Speech and language therapy is an important part of Autism treatment.

Autism Speech and Language Therapy


One of the most common symptoms of autism is difficulty communicating. Speech and language therapy is an important part of improving many autistic patients' quality of life. Difficulties with communication in autistic individuals may range from speech impediments like stuttering to cognitive difficulties understanding or producing spoken or written language. Different forms of speech and language therapy can offer help with these various communication problems.

Speech therapy addresses speech impediments like stuttering, lisping, and other physical issues. Therapists are trained in techniques for adapting to physical limitations and overcoming psychological triggers. When looking for a speech therapist to assist an autistic individual, it is important to find a practitioner who has experience with autism and its unique behavioral issues.

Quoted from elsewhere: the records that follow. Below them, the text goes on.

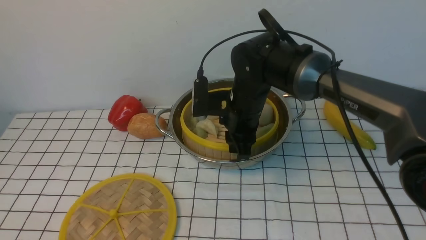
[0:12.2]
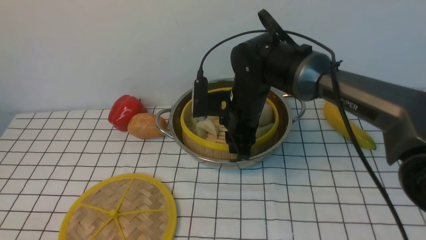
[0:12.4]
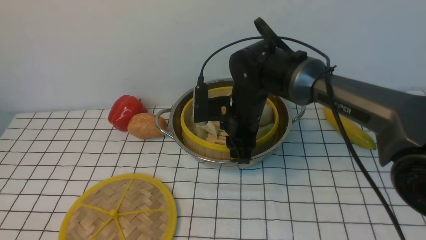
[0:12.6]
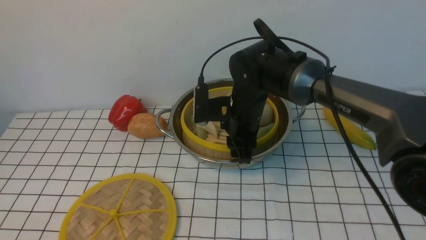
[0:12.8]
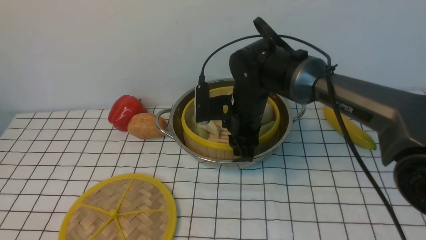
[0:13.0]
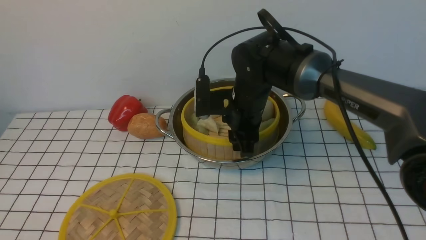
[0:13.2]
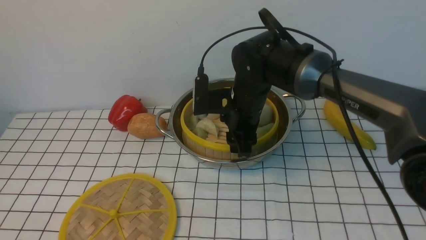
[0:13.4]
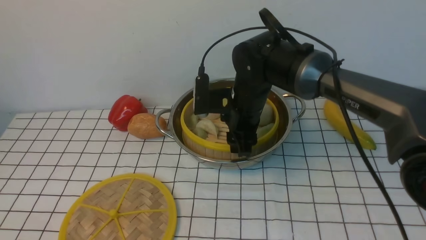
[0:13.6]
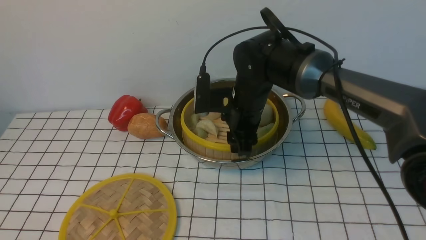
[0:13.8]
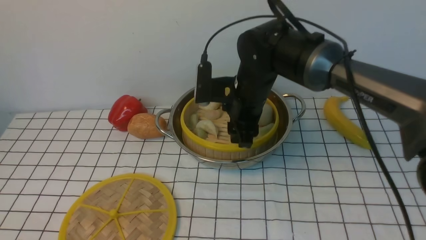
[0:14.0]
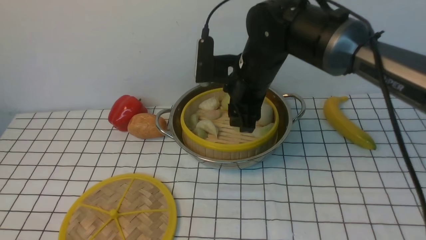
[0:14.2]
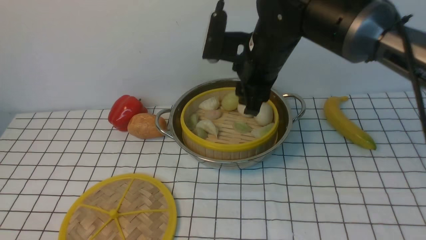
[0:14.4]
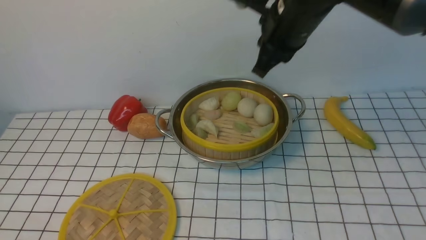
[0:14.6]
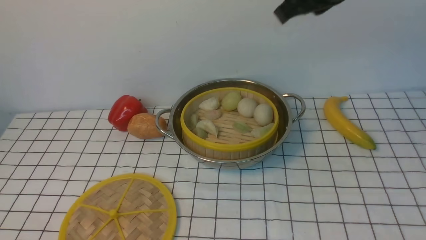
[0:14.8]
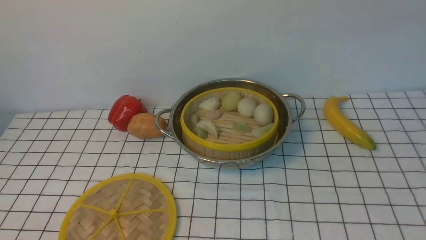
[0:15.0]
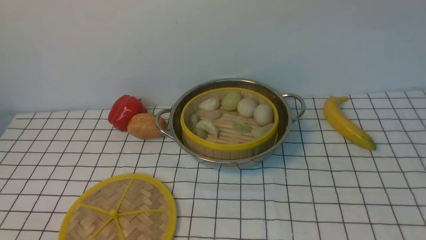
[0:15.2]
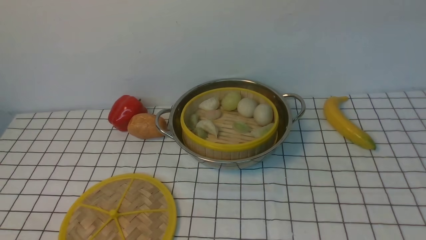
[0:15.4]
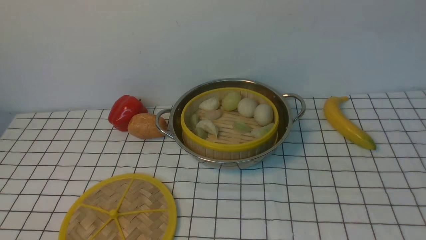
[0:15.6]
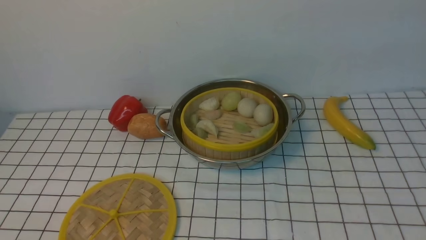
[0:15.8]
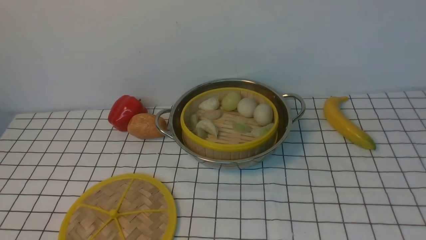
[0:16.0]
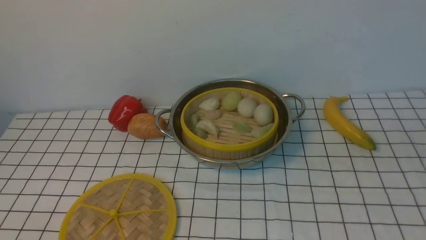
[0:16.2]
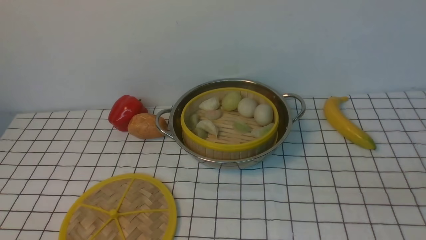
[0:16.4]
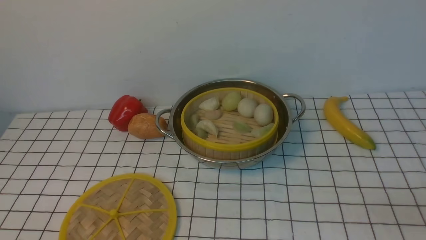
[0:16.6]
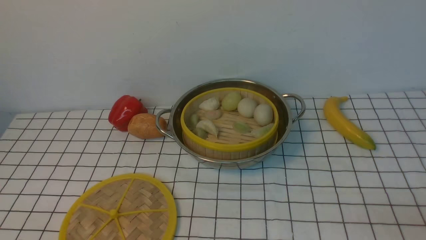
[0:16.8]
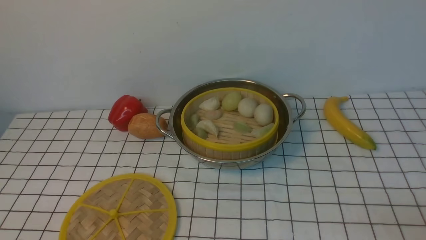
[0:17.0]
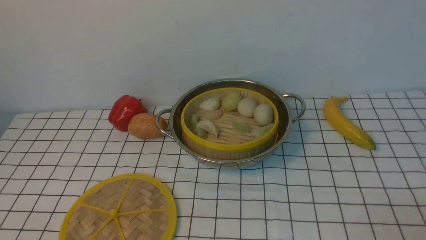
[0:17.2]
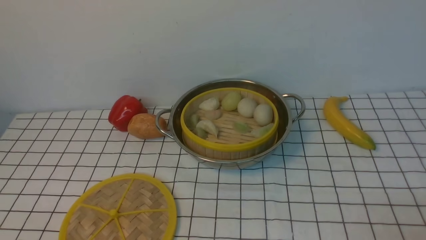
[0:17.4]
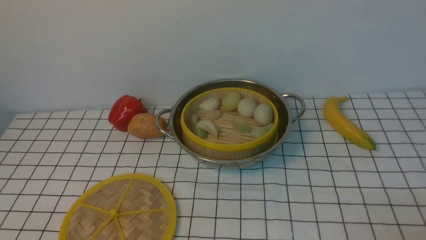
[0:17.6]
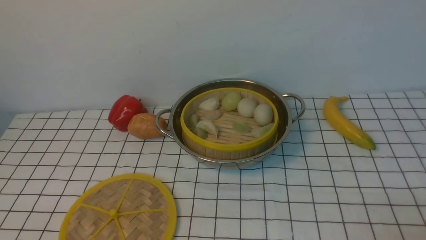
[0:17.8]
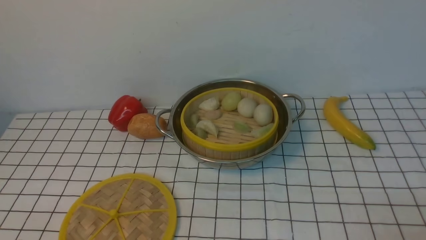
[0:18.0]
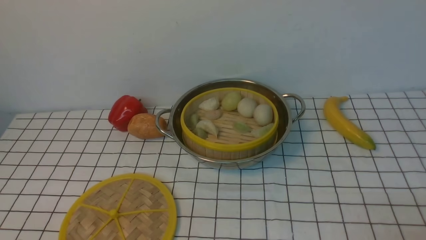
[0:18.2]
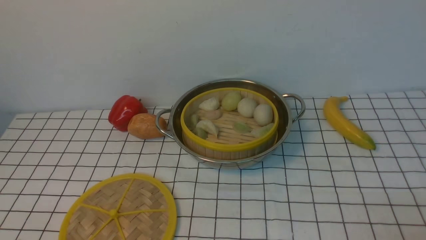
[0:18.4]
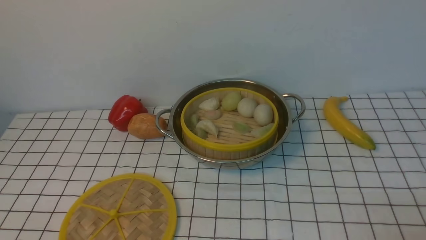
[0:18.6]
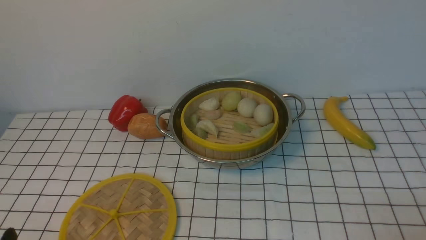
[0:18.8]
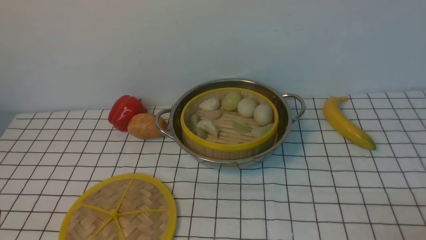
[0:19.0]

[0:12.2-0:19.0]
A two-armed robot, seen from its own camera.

Language therapy is targeted at cognitive impediments, which are often the more difficult issues for autistic individuals. Language therapy for autistic patients may be needed to address difficulty understanding written or spoken language or to assist non-verbal individuals learn alternative methods of communication. Many individuals have had success with Alternative and Augmentative Communication devices (AAC), such as picture or letter boards, or computer-assisted speech systems.

While many autistic individuals will never attain "normal" speech and language ability, early intervention with speech language therapy may offer significant improvement for autistic children with borderline language skills. Even autistic individuals who have not mastered verbal or written language skills can greatly improve their communication ability with picture-oriented systems like PECS, where iconic picture cards are used to communicate needs to caregivers.